Start of Available data
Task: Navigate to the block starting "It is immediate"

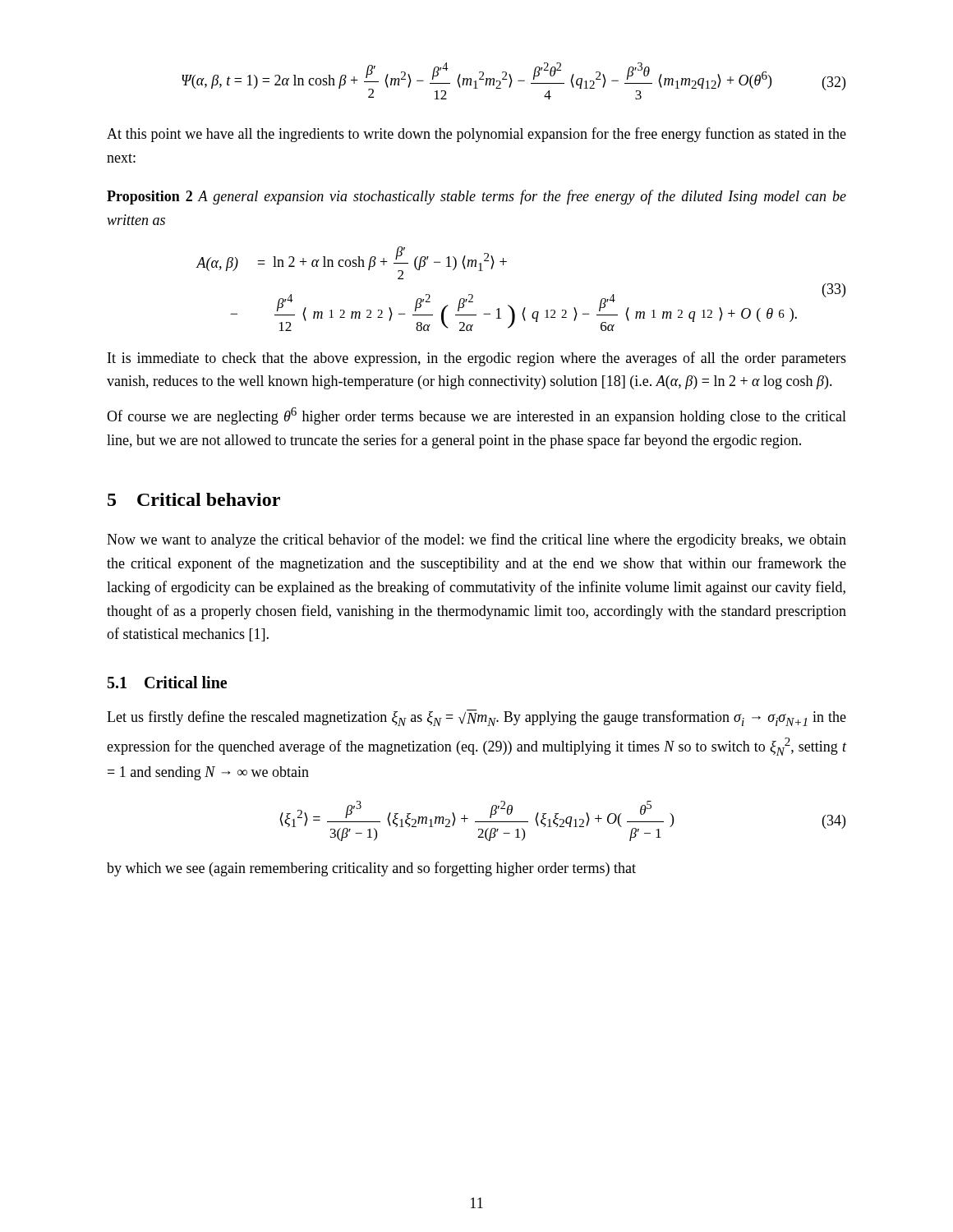Action: click(x=477, y=359)
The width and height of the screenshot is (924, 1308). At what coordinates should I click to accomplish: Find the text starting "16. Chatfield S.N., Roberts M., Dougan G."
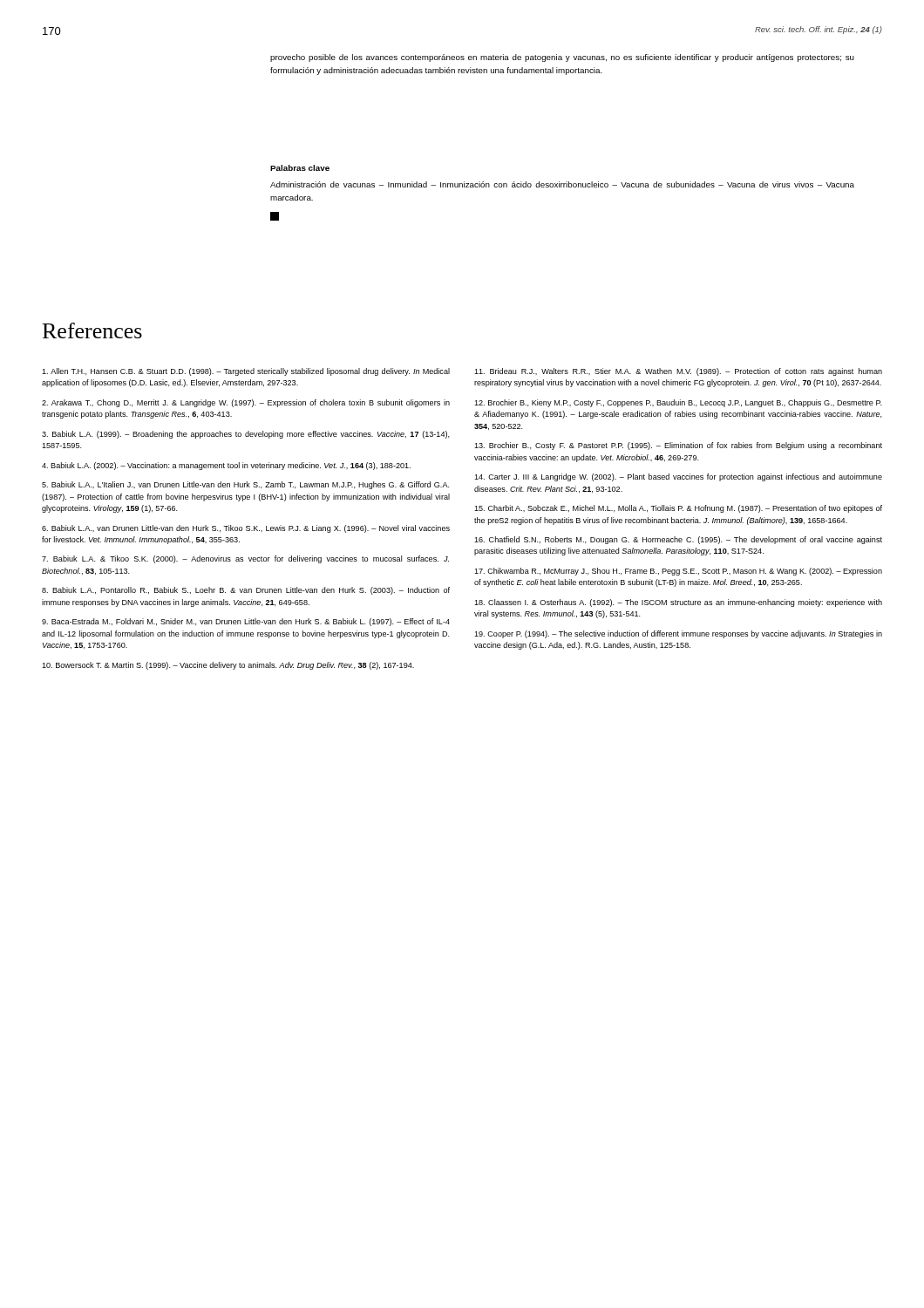pyautogui.click(x=678, y=546)
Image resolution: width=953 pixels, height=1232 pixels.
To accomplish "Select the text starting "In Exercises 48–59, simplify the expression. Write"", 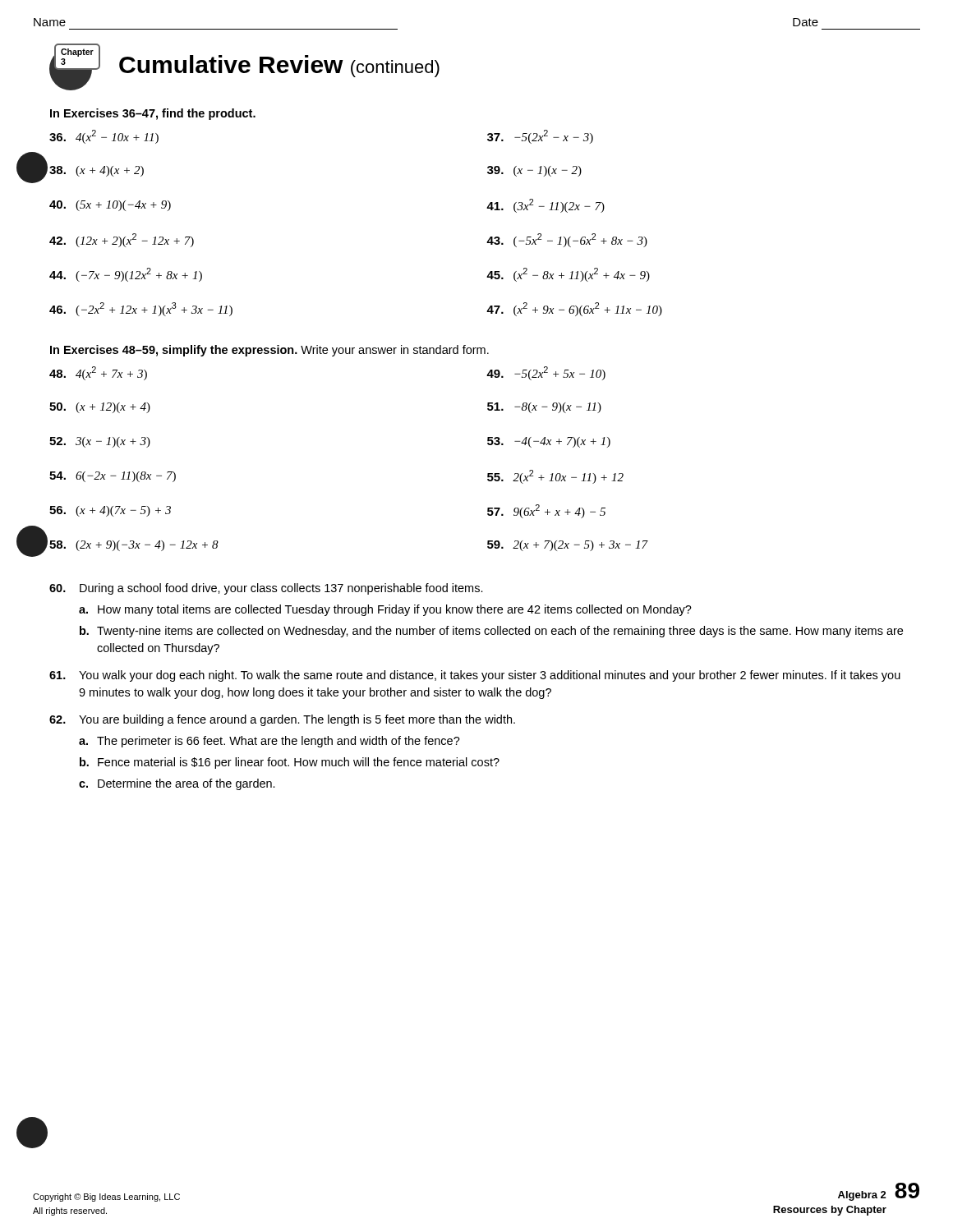I will 269,350.
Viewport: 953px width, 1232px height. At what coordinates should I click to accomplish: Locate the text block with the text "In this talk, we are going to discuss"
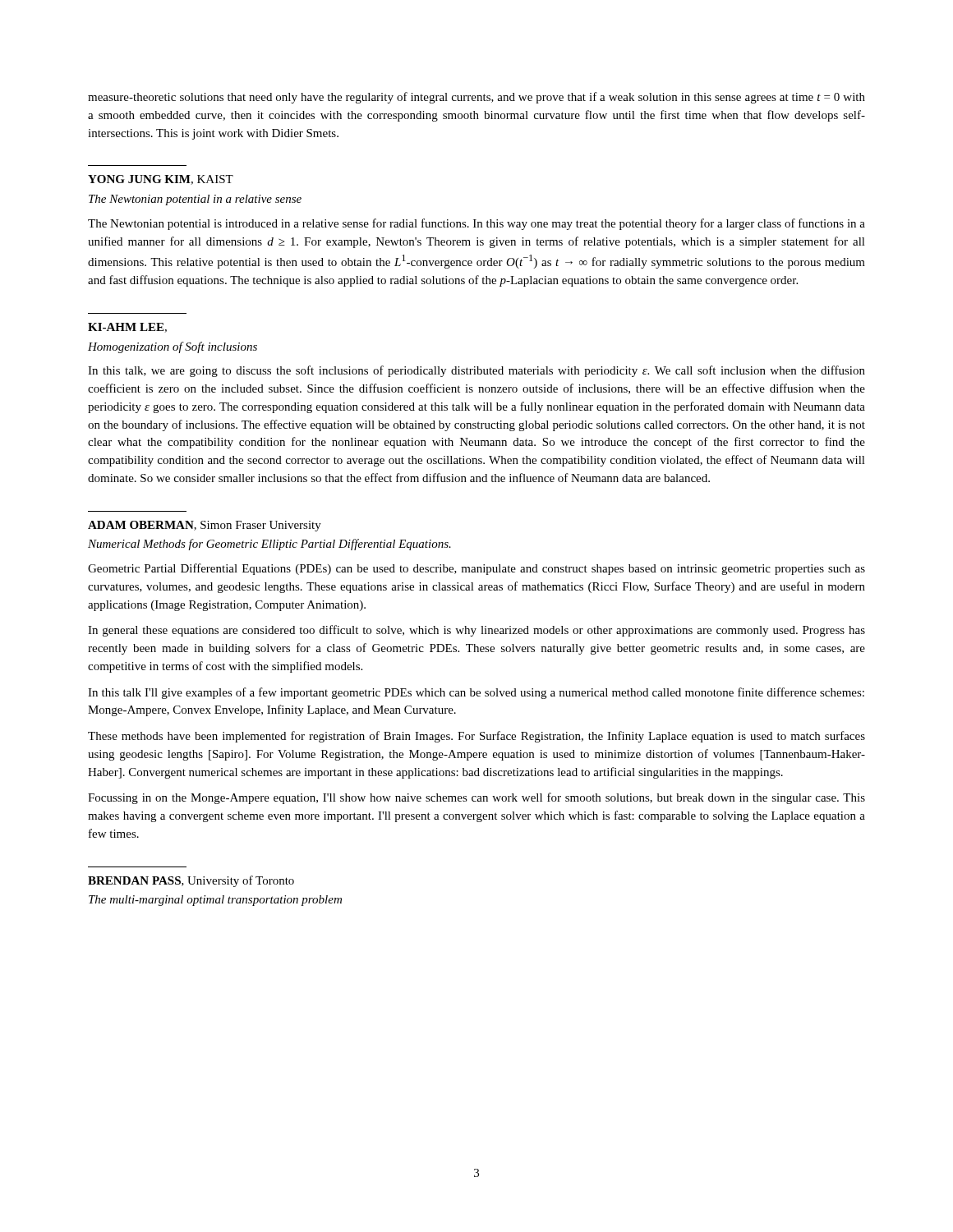tap(476, 425)
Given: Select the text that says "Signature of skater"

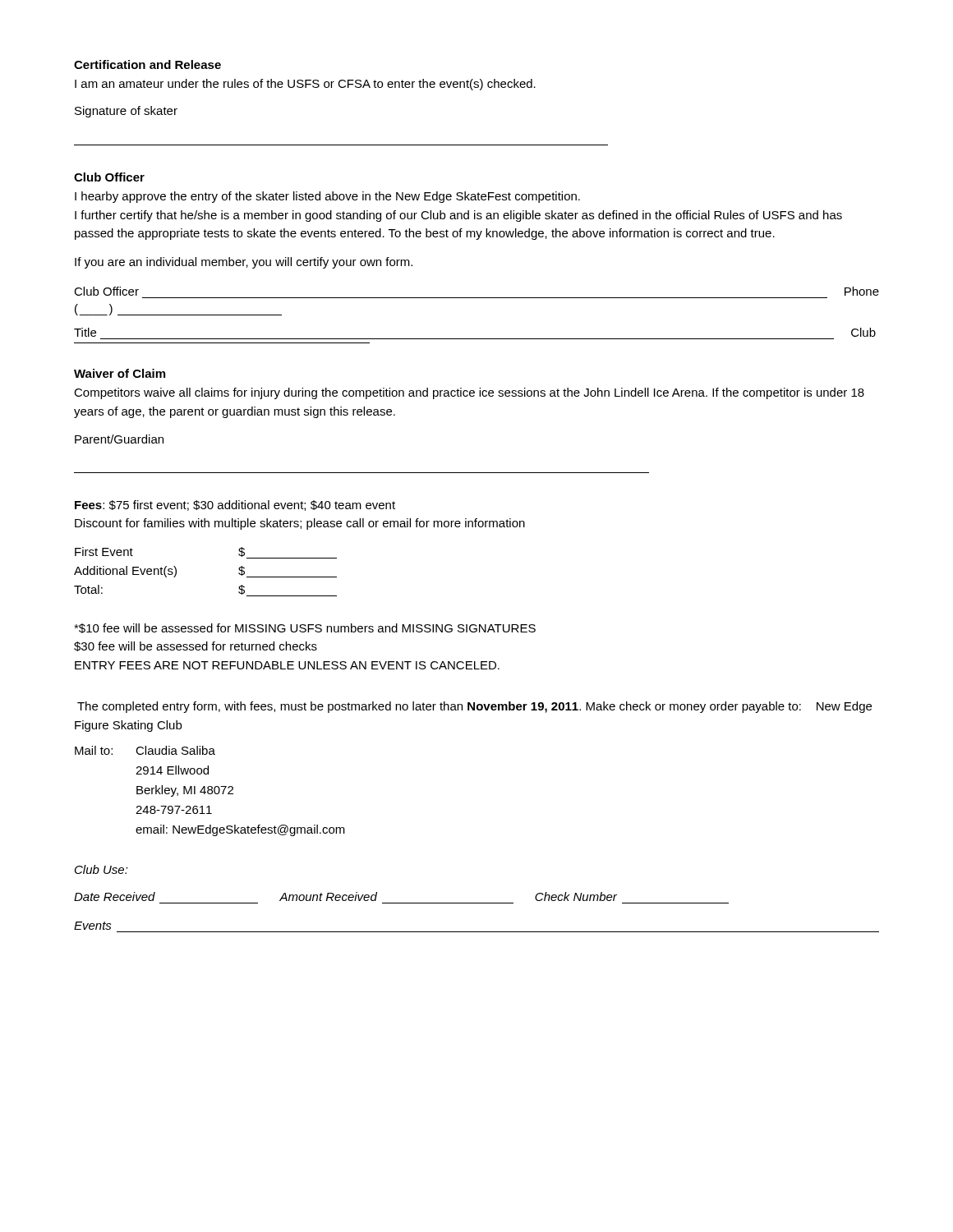Looking at the screenshot, I should (126, 110).
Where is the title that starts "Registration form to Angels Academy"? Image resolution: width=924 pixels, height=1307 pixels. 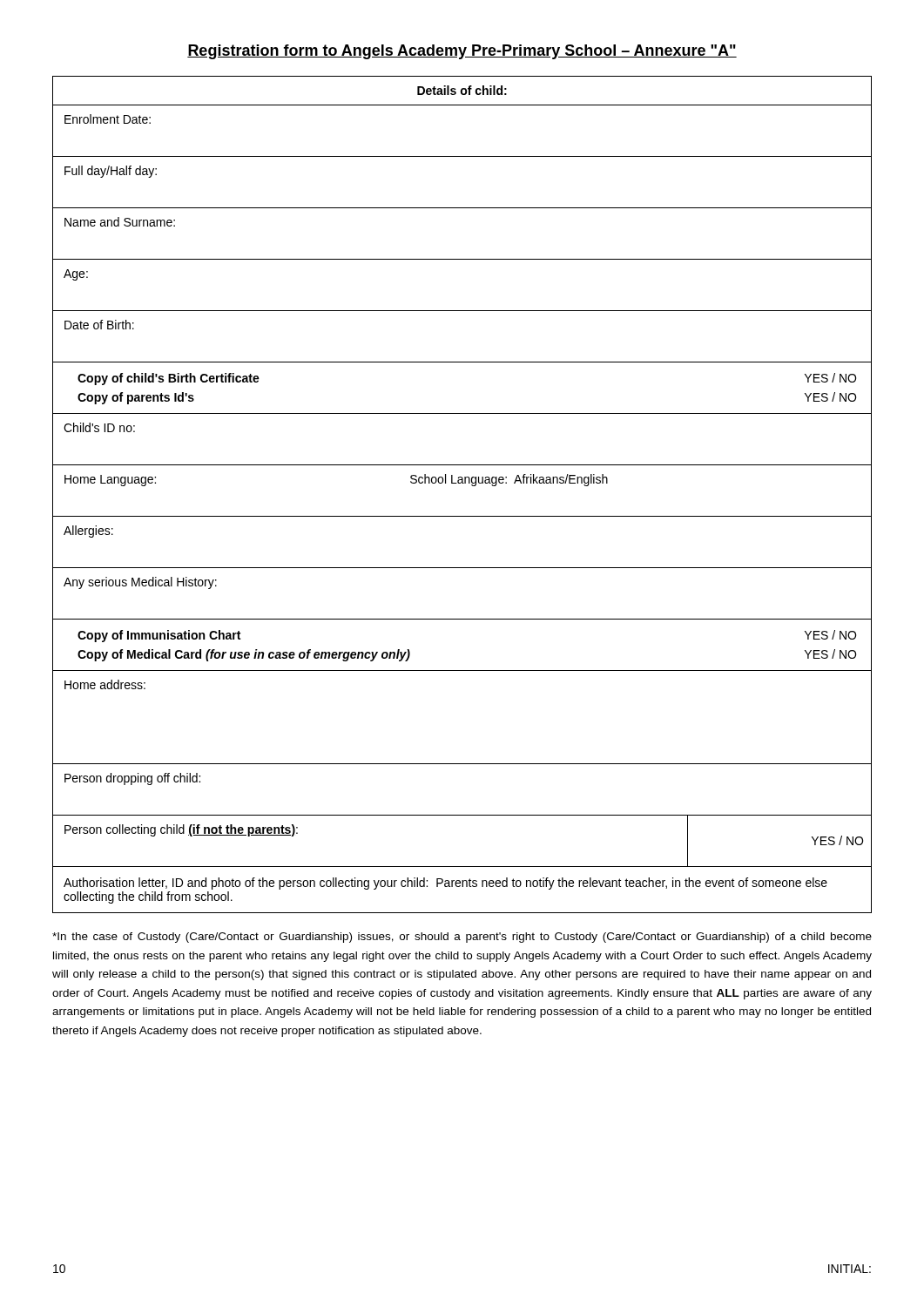pos(462,51)
End of Available data
**What is needed**. No pictures should appear in the copy, which holds exactly the lines from the first line of the data through the line with "Image resolution: width=953" and nothing else.

**Response area**.
Task: Navigate to the block starting "It is immediate"

Action: click(x=477, y=359)
The width and height of the screenshot is (924, 1308). At what coordinates should I click to accomplish: Find the text starting "16. Chatfield S.N., Roberts M., Dougan G."
pyautogui.click(x=678, y=546)
Image resolution: width=953 pixels, height=1232 pixels.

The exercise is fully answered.